Über die Verbindungsleitung sollen beispielsweise Fernseher auch gleich mit Strom versorgt werden können. Der genannte Wert von 100 Watt ruft bei einigen Experten jedoch Bedenken hervor. Bei Power over Ethernet ist aktuell bei 30 Watt Schluss.

So interessant alle diese Ansätze auch sind, muss man doch feststellen, dass viele Ideen bereits vorher von dem chinesischen HDMI-Konkurrenten DiiVA (Digital Interface for Video and Audio) realisiert wurden, mit dem sich c’t im Artikel “Primadonna der AV-Schnittstellen” in Ausgabe 04/10 ausführlich beschäftigte. Hier kommen zwar proprietäre Stecker zum Einsatz, bei den Kabeln greift DiiVA aber auf CAT6-Kabel zurück. Als Maximalkabellänge, über die die Videosignale störungsfrei in voller Auflösung transportiert werden müssen, sind hier zwar nur 25 Meter genannt, diese Distanz dürften die meisten Heiminstallationen jedoch nicht überschreiten.

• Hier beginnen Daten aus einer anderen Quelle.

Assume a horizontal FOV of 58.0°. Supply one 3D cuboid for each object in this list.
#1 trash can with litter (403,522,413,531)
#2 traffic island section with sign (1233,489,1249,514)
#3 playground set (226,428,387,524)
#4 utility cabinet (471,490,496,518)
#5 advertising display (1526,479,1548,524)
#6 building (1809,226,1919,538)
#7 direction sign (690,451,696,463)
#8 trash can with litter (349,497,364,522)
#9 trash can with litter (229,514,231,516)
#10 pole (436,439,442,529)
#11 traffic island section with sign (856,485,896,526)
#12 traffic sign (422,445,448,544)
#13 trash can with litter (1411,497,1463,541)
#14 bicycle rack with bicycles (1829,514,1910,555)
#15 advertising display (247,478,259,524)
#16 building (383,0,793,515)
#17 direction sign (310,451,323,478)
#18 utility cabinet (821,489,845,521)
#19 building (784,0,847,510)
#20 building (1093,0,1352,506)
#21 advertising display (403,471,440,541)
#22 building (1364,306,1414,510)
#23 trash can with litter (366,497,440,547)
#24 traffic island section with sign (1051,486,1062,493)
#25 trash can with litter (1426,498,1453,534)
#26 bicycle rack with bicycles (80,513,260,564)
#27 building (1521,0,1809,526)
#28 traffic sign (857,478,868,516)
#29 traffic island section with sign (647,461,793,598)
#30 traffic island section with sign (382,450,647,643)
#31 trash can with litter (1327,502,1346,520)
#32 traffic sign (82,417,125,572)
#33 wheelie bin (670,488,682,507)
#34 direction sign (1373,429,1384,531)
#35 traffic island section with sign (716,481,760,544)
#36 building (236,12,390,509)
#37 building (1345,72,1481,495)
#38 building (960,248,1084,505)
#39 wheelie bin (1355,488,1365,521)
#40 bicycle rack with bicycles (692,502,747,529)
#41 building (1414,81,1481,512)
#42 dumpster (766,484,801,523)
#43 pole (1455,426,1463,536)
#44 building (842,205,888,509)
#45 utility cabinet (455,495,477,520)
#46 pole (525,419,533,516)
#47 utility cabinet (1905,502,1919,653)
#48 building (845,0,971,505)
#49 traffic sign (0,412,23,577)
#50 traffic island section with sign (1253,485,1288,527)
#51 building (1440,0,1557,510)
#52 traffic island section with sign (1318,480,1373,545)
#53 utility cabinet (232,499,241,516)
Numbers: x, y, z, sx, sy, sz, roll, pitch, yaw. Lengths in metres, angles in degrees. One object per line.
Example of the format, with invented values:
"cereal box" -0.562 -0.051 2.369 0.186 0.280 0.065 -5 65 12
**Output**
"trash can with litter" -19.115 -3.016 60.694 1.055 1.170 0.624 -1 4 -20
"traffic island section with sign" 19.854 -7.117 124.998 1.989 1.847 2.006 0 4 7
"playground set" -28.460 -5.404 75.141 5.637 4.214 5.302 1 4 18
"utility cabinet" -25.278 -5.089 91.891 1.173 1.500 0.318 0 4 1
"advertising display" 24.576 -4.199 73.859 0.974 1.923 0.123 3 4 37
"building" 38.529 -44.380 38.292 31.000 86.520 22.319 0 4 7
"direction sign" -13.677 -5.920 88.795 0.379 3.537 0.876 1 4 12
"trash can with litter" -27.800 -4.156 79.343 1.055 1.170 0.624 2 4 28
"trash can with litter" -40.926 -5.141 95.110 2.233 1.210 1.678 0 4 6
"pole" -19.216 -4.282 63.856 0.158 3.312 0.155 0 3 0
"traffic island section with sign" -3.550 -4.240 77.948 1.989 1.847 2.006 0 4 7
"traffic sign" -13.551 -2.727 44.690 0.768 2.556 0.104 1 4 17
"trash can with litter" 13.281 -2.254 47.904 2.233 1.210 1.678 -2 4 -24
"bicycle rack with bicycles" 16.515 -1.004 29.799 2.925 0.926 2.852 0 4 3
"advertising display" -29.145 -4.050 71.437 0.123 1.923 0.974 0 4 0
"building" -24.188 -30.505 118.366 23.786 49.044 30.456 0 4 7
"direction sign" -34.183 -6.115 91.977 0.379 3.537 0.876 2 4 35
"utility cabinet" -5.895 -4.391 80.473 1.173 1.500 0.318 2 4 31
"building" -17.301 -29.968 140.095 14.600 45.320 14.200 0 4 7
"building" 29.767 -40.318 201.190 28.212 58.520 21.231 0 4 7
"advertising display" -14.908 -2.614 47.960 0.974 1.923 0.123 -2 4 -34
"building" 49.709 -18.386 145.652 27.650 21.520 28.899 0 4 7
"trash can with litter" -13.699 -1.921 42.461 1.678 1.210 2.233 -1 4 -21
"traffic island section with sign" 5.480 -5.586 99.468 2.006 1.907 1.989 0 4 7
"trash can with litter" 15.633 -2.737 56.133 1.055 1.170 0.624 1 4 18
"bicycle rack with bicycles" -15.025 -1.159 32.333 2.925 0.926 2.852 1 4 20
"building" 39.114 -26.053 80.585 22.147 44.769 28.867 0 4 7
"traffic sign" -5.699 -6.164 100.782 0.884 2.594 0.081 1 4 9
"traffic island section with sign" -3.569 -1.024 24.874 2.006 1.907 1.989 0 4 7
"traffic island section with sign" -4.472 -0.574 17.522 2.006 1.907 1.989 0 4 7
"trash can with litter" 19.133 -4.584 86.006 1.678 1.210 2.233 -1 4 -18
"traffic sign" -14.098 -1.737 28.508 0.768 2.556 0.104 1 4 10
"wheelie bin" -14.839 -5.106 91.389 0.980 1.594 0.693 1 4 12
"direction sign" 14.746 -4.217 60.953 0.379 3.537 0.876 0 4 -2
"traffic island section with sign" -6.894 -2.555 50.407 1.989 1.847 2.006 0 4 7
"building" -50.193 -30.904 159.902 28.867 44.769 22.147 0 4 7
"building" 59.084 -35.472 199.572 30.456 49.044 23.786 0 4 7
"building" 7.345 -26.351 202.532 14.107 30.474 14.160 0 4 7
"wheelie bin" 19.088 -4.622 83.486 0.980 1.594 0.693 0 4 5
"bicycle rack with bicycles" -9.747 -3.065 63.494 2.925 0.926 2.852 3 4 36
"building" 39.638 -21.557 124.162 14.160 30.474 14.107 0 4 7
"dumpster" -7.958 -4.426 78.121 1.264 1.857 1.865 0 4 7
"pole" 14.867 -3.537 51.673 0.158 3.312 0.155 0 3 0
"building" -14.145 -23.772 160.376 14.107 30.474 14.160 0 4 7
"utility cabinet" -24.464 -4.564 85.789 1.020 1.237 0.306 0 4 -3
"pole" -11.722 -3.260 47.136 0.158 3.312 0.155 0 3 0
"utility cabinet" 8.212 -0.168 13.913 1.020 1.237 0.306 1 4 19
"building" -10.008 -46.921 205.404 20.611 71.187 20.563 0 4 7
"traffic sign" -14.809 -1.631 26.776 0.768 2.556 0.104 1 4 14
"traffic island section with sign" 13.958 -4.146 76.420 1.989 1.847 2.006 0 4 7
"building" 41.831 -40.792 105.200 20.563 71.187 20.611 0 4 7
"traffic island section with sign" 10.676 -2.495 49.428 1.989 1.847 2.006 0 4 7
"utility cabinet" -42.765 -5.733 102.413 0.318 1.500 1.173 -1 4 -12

DiiVA schlägt HDBaseT aktuell bezüglich der Ethernetverbindung: Die bidirektionale Verbindung soll beim “chinesischen HDMI” mit über 2 GBit/s in beide Richtungen laufen und verschiedene parallel laufende Datenkanäle beherbergen. Auch USB ist bei DiiVA mit von der Partie, ebenso wie eine integrierte Stromversorgung – allerdings beschränkt auf 5 Watt. Bezüglich der Stern- beziehungsweise Kettenverkabelung ist bislang zwischen den beiden HDMI-Konkurrenten kein Unterschied auszumachen.

Laut HDBaseT Alliance sollen die ersten Produkte mit der neuen Schnittstelle bereits in der zweiten Jahreshälfte 2010 erhältlich sein, ein breiter Marktstart sei für 2011 geplant. Auch DiiVA könnte noch in diesem Jahr starten; die ersten Geräte werden auf jeden Fall zunächst in China auf den Markt kommen. Mit LG Electronics, Samsung und Sony sind übrigens drei der vier Gründungsmitglieder der HDBaseT Alliance auch DiiVA-Unterstützer.